Все невольно прислушались к мерному гулу двигателя.

— Сплюнь три раза. — Птаха незаметно постучал по столу.

В динамике щёлкнуло, зашипело и послышался скрипучий голос Чернышёва:

— Крюкова прошу подняться на мостик.

На мостике было темно; пока глаза не привыкли, лишь светлячки сигарет позволяли различать лица людей. Чернышёв скользнул по мне взглядом и ничего не сказал. Вцепившись в поручни, Корсаков и Никита молча смотрели на море. Иногда Корсаков бормотал под нос что-то невнятное: я не сразу догадался, что он записывает свои наблюдения на диктофон.
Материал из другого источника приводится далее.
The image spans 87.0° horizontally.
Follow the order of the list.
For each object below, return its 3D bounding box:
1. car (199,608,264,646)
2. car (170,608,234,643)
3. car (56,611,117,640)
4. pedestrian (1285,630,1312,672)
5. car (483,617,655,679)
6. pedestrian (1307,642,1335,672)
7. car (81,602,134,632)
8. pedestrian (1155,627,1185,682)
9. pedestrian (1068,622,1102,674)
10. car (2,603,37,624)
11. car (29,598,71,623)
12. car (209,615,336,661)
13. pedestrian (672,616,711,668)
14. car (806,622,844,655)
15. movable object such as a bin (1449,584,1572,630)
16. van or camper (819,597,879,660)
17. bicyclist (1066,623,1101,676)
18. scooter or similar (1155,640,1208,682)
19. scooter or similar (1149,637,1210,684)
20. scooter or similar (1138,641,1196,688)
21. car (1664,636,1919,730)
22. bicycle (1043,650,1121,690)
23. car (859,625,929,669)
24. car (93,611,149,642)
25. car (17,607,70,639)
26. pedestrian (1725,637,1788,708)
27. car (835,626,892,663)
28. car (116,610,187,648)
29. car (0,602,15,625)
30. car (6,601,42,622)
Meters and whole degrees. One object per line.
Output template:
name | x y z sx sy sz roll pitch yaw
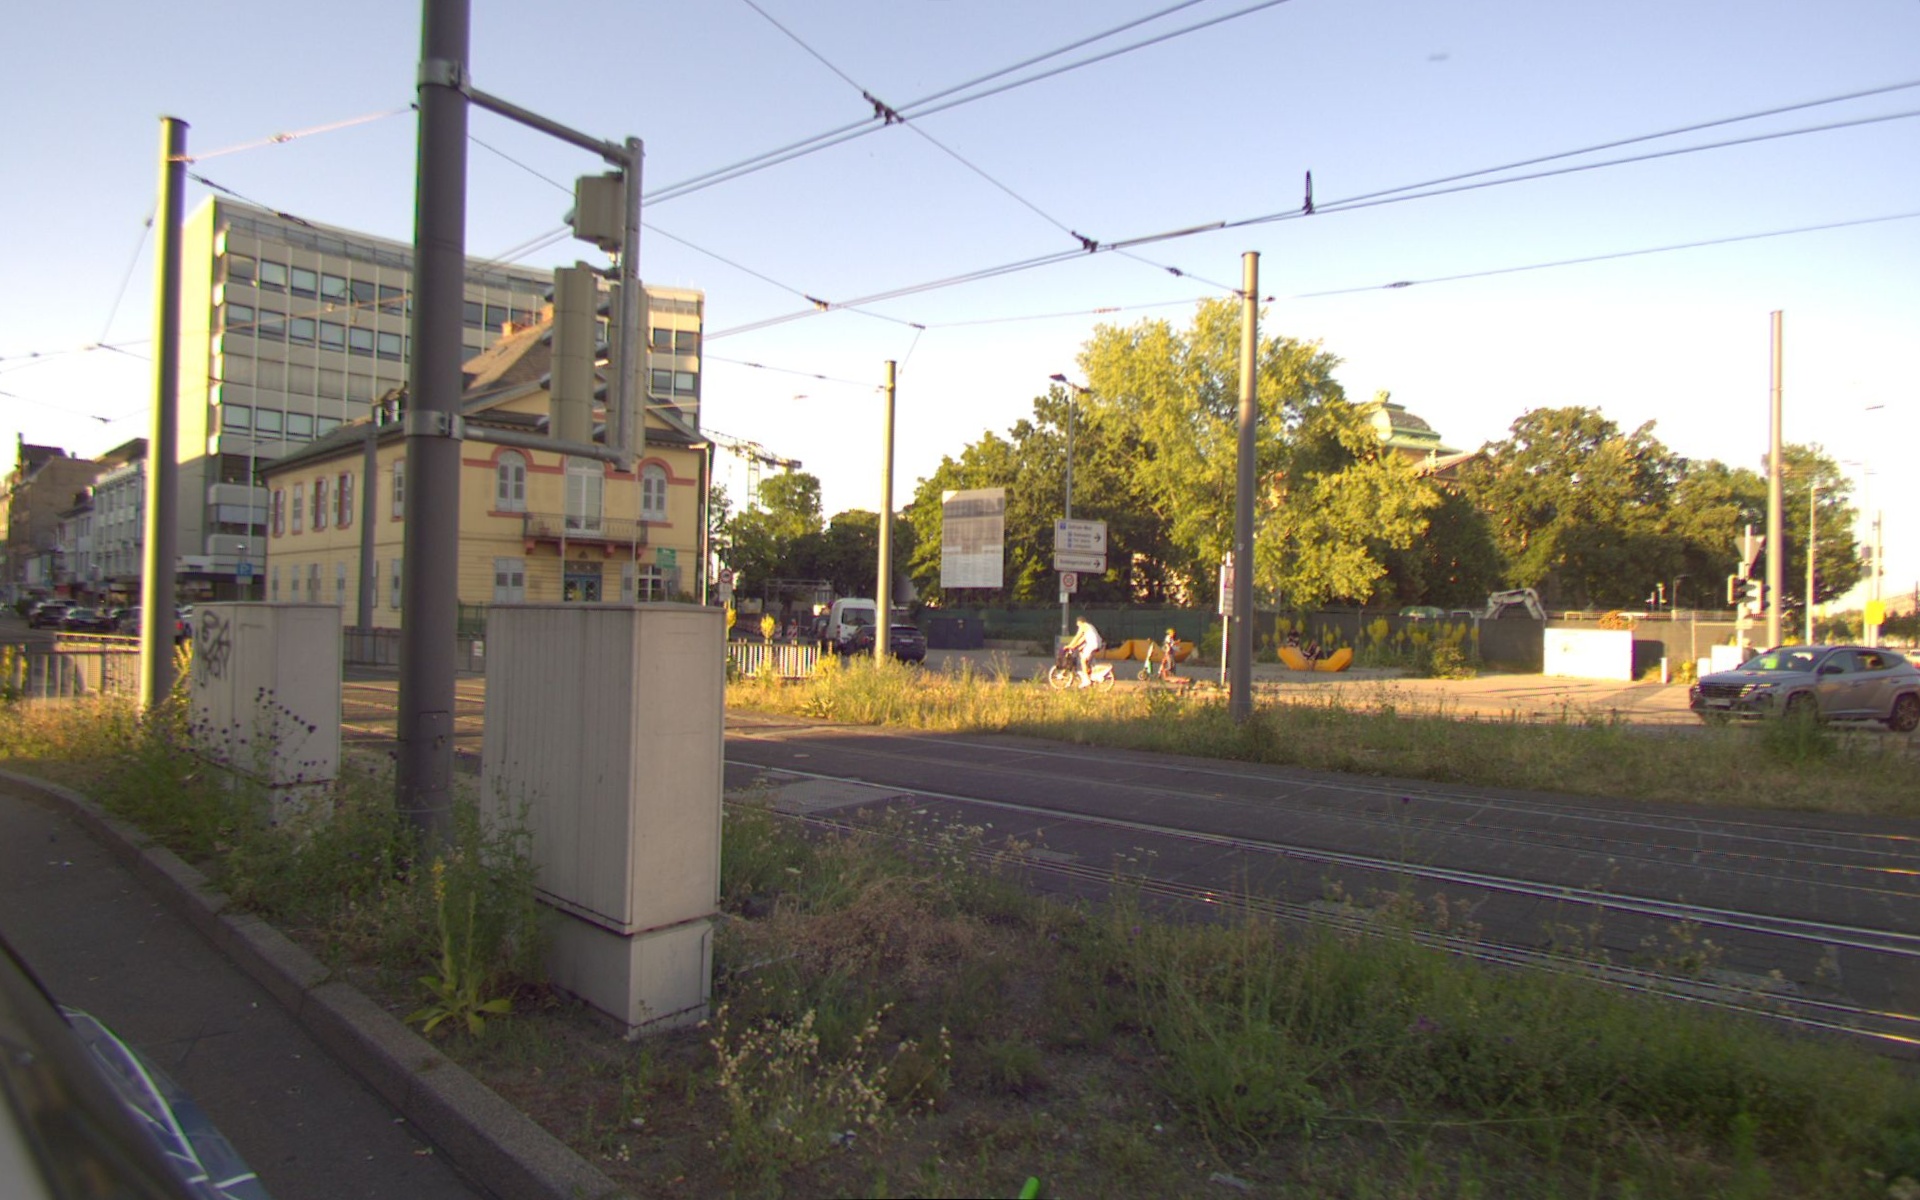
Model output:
car | -34.559 1.260 47.987 3.437 1.721 1.714 0 -2 40
car | -38.322 1.273 51.149 3.803 1.721 1.714 0 -2 40
car | -45.721 1.334 52.913 4.658 1.439 1.990 0 -2 44
pedestrian | 13.991 2.102 41.812 0.764 1.678 0.810 -1 -2 44
car | -10.866 1.277 28.148 4.388 1.528 1.984 0 1 25
pedestrian | 14.439 2.259 40.500 0.735 1.166 0.976 -1 -3 43
car | -57.992 1.159 68.815 3.995 1.962 1.974 -1 -2 39
pedestrian | 6.349 1.623 30.551 0.679 1.625 0.597 3 -2 -44
pedestrian | 4.234 1.615 34.328 0.865 1.737 0.831 2 -2 -10
car | -94.344 1.360 101.507 3.994 2.029 1.975 0 1 37
car | -75.387 0.852 83.839 3.995 1.962 1.974 0 -2 39
car | -23.210 1.260 34.140 4.322 1.421 1.895 0 -2 31
pedestrian | -7.990 1.255 30.138 1.027 1.514 1.007 1 -2 -11
car | -7.896 2.218 58.975 1.689 1.863 4.032 2 -2 -13
movable object such as a bin | 26.185 0.355 48.367 1.965 2.029 5.041 2 -2 -22
van or camper | -5.466 1.377 49.122 2.049 2.796 6.466 2 -2 -13
bicyclist | 3.003 1.195 24.583 0.723 1.267 0.664 0 -2 17
scooter or similar | 6.295 1.727 28.731 1.382 1.175 0.462 1 -2 -8
scooter or similar | 6.355 1.746 29.299 1.627 1.302 0.462 1 -2 -6
scooter or similar | 6.095 1.884 29.811 1.503 1.269 0.613 4 -2 -6
car | 16.475 1.596 19.756 4.460 1.673 1.954 2 -2 -12
bicycle | 2.966 1.688 24.590 1.781 0.899 0.676 1 -2 17
car | -2.605 1.760 39.015 1.754 1.555 4.303 2 -2 -16
car | -53.886 1.696 64.987 3.995 1.915 1.974 0 -2 39
car | -58.809 1.459 64.911 4.116 2.005 1.973 0 -2 40
pedestrian | 20.267 1.838 25.767 0.930 1.749 0.822 1 -1 -4
car | -4.183 1.858 43.296 1.705 1.440 4.486 2 -2 -14
car | -35.712 1.245 44.657 4.071 1.610 1.814 -1 -2 42
car | -100.191 1.403 105.431 3.995 2.394 1.974 -1 -2 39
car | -89.891 1.073 97.173 3.995 1.962 1.974 -1 -2 39

Смотреть на море было страшновато, «Семён Дежнев» — траулер низкобортный. Будто щенок, подхваченный мощной рукой за загривок, он взлетал вверх и стремительно опускался, зарываясь носом в волну и прорезая её своим телом. Десятки тонн вспененной воды обрушивались на палубу, с грохотом лупили по надстройкам и застеклённой верхней части мостика и скатывались обратно.

Лыков толкнул меня локтем в бок.

— Все грехи с нас смывает… Гляди, Паша, седеть начинаем.

То, что я поначалу принял за осевшую на бак пену, было льдом. Тусклый свет фонарей фок-мачты делал лёд каким-то серым. Он уже сплошь покрыл палубу и осел на надстройки, спасательную шлюпку под мостиком, рангоут и такелаж.

— Температура наружного воздуха минус семь, ветер пятнадцать, волнение моря девять баллов, двадцать три часа местного времени, — казённым голосом проговорил Лыков в подставленный Корсаковым диктофон.

— Частота забрызгиваний восемь, — добавил Никита.

— Сколько набрали за час, Илья Степаныч? — спросил Корсаков.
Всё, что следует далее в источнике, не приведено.